Blackbench#

A benchmarking suite for Black, the Python code formatter. It’s intended to help quantify changes in performance between versions of Black in a robust and repeatable manner. Especially useful for verifying a patch doesn’t introduce performance regressions.

Reliable at its core

Under the hood, blackbench uses pyperf to handle the benchmarking heavylifting. The pyperf toolkit was designed with benchmark stability as its number one goal. This is transferred to blackbench, so as long the system is properly tuned, the results can be safely considered reliable.

Customizable benchmarks

Blackbench is really a collection of targets and task templates. Benchmarks are generated on the fly using the task’s template as the base and the targets as the profiling data. Want to benchmark Black with experimental string processing on? A simple option and you’re good to go!

Ready-to-go & complete

Blackbench comes with pre-curated tasks and targets, allowing for simplified yet complete benchmarking of Black.
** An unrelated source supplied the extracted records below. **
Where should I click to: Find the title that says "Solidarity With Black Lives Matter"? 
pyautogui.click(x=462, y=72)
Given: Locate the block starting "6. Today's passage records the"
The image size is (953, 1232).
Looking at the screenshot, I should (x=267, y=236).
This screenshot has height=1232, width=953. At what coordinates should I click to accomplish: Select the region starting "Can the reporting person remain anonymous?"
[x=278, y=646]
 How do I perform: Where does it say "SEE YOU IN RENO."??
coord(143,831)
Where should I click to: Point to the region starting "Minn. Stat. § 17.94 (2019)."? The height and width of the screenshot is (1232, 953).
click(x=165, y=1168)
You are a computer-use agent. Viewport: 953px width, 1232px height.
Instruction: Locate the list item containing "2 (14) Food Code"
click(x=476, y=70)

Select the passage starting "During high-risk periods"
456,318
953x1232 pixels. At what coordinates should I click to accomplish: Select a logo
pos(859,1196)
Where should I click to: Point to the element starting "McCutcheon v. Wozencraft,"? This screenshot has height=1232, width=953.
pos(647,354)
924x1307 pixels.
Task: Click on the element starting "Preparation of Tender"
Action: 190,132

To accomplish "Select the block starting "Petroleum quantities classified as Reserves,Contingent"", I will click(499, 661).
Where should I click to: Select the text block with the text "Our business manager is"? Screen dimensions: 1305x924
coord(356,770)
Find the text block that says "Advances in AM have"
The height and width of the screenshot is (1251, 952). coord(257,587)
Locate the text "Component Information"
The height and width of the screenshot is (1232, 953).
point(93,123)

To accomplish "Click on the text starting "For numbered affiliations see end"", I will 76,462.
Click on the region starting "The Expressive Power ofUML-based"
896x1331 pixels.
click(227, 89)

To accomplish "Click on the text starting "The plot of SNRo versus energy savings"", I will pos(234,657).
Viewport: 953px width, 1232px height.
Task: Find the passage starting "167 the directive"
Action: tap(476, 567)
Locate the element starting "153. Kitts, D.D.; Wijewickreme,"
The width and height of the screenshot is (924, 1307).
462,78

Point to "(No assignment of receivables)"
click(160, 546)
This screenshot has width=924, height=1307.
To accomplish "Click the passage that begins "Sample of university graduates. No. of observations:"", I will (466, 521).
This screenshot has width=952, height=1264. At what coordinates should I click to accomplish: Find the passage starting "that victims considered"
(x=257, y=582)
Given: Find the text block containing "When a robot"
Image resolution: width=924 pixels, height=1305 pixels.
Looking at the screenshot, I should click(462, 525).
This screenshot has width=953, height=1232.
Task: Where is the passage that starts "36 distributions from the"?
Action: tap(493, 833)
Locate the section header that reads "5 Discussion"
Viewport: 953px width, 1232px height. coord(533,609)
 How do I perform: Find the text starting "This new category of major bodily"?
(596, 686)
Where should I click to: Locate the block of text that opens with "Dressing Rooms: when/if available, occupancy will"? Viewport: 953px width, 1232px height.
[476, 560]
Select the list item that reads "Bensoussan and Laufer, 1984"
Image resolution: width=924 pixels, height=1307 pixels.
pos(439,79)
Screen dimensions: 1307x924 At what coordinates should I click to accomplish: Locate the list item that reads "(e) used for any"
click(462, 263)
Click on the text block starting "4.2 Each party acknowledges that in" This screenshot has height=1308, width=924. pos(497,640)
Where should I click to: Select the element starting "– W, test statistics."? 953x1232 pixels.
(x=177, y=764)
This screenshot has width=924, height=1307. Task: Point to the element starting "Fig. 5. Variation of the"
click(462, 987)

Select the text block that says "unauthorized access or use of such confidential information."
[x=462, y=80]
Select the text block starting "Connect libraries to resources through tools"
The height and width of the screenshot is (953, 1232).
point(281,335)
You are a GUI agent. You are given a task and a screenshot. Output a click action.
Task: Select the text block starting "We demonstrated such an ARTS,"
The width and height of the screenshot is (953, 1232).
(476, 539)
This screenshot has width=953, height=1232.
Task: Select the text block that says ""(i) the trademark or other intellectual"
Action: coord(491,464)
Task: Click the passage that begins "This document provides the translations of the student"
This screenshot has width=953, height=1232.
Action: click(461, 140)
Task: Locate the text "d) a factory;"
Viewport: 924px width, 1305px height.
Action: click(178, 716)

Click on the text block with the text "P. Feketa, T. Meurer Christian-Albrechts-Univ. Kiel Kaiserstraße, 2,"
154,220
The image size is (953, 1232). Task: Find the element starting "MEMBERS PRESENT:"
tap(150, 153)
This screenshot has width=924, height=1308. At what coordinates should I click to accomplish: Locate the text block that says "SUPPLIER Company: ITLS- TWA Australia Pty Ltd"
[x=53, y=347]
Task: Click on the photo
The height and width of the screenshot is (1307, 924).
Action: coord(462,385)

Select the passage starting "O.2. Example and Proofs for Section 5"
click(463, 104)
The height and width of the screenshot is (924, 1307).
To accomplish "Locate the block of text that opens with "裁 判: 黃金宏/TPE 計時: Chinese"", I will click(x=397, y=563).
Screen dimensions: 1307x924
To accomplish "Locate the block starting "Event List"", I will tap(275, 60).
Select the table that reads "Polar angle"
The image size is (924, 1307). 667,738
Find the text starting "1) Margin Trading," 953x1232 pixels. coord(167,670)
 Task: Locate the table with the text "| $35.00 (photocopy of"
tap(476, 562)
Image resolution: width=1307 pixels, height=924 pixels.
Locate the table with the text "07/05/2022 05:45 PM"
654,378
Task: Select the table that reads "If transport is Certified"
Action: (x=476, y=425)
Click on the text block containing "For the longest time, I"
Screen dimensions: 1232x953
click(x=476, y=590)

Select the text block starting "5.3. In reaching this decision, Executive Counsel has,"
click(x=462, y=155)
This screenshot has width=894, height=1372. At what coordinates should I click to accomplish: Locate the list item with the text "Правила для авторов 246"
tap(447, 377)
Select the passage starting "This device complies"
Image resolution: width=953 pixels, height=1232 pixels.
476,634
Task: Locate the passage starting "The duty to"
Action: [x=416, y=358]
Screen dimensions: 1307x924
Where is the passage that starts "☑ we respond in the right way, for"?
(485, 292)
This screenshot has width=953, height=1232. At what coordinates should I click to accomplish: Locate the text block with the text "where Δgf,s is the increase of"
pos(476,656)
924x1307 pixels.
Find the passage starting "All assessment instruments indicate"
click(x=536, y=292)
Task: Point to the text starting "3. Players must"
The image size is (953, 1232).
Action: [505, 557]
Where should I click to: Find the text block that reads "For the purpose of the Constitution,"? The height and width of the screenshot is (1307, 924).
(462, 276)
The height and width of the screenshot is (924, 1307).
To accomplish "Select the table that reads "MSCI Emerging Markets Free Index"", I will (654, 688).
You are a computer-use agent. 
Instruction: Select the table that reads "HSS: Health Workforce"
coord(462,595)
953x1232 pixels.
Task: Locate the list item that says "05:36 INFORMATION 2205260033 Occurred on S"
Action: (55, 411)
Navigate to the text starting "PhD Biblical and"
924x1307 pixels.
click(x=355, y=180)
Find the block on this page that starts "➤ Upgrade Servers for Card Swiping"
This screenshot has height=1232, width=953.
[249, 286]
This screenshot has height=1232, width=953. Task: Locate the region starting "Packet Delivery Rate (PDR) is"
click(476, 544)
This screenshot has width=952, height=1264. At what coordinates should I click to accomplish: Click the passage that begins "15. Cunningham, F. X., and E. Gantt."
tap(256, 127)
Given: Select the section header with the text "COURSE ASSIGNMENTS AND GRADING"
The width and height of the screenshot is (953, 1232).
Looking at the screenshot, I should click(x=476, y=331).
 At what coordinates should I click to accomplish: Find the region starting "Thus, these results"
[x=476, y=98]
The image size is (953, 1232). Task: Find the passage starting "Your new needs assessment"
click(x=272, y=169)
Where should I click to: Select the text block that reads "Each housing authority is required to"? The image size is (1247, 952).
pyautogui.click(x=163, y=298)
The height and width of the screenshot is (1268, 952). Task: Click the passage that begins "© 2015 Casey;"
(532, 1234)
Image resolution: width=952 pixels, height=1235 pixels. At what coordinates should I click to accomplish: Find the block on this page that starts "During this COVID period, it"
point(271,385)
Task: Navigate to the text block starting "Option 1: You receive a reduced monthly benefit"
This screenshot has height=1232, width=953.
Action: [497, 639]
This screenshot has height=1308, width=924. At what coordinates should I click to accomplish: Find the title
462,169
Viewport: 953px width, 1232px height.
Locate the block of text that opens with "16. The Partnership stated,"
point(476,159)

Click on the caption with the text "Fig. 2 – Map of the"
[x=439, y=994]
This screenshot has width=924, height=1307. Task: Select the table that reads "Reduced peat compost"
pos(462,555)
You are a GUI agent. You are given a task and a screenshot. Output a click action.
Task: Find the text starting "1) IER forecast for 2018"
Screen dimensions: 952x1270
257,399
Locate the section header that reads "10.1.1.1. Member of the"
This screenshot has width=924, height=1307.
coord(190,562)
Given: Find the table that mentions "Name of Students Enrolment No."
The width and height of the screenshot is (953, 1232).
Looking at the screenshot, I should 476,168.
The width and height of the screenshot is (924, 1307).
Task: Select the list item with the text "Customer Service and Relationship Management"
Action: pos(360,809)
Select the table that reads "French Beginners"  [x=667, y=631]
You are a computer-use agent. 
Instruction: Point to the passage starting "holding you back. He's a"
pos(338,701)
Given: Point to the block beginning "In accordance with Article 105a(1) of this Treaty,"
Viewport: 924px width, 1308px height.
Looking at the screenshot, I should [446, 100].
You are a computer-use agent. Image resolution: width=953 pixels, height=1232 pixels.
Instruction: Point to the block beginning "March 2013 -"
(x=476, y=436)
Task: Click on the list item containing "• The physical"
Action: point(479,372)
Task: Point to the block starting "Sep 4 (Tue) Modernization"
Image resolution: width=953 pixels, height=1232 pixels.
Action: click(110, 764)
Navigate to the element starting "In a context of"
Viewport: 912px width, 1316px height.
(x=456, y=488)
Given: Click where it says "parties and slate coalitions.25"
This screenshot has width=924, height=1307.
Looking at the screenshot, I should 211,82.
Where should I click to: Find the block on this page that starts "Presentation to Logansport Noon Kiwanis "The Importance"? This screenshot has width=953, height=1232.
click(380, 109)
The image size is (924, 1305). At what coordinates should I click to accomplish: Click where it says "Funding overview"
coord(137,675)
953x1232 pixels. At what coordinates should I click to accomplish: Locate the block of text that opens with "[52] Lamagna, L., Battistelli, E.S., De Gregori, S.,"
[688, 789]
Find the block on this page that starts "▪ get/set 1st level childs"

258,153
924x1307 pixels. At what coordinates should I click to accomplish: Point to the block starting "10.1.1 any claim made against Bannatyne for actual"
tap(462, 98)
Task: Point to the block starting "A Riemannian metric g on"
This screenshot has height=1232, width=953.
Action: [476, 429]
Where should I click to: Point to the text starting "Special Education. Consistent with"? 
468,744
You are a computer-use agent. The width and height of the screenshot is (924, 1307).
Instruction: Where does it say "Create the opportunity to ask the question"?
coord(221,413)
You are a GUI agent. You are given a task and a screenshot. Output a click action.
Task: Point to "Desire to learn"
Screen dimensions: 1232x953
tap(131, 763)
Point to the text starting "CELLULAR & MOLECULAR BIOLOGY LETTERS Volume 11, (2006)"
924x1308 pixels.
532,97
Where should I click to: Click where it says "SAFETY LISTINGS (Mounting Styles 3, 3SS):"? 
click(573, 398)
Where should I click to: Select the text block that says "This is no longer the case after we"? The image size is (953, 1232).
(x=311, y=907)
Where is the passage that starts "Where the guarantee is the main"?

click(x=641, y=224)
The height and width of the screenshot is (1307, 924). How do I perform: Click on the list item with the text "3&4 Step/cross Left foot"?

Notably, blackbench has both normal and micro targets to measure general and specific performance respectively.

Comparable results

Due to the pyperf base, the benchmarking results are in JSON. It’s standard pyperf output and it’s expected that the data analysis is performed using pyperf directly with its excellent analysis features.

Example run#

dev@example:~/blackbench$ blackbench run mypyc-opt1.json --fast --task parse --targets micro -- --affinity 1
[*] Versions: blackbench: 21.7.dev2, pyperf: 2.2.0, black: 21.7b0
[*] Created temporary workdir at `/tmp/blackbench-workdir-c5hoese9`.
[*] Alright, let's start!
[*] Running `parse-comments` microbenchmark (1/5)
...........
parse-comments: Mean +- std dev: 34.1 ms +- 1.0 ms
[*] Took 9.876 seconds.
[*] Running `parse-dict-literal` microbenchmark (2/5)
...........
parse-dict-literal: Mean +- std dev: 37.7 ms +- 2.4 ms
[*] Took 10.548 seconds.
[*] Running `parse-list-literal` microbenchmark (3/5)
...........
parse-list-literal: Mean +- std dev: 21.8 ms +- 2.4 ms
[*] Took 11.154 seconds.
[*] Running `parse-nested` microbenchmark (4/5)
...........
parse-nested: Mean +- std dev: 20.5 ms +- 1.2 ms
[*] Took 10.79 seconds.
[*] Running `parse-strings-list` microbenchmark (5/5)
...........
parse-strings-list: Mean +- std dev: 5.71 ms +- 1.09 ms
[*] Took 11.588 seconds.
[*] Cleaning up.
[*] Results dumped.
[*] Blackbench run finished in 54.139 seconds.

A breakdown of what’s happening here:

  • mypyc-opt1.json: the filepath to save the results

  • --task parse: the timing workload is initial blib2to3 parsing

  • --targets micro: only run microbenchmarks (that perform the selected task)

  • --fast: collect less values so results are ready sooner

  • everything after --: arguments passed to the underlying pyperf process

License#

Blackbench: MIT.

Targets based off real code maintain their original license. Please check the directory containing the target in question for a license file.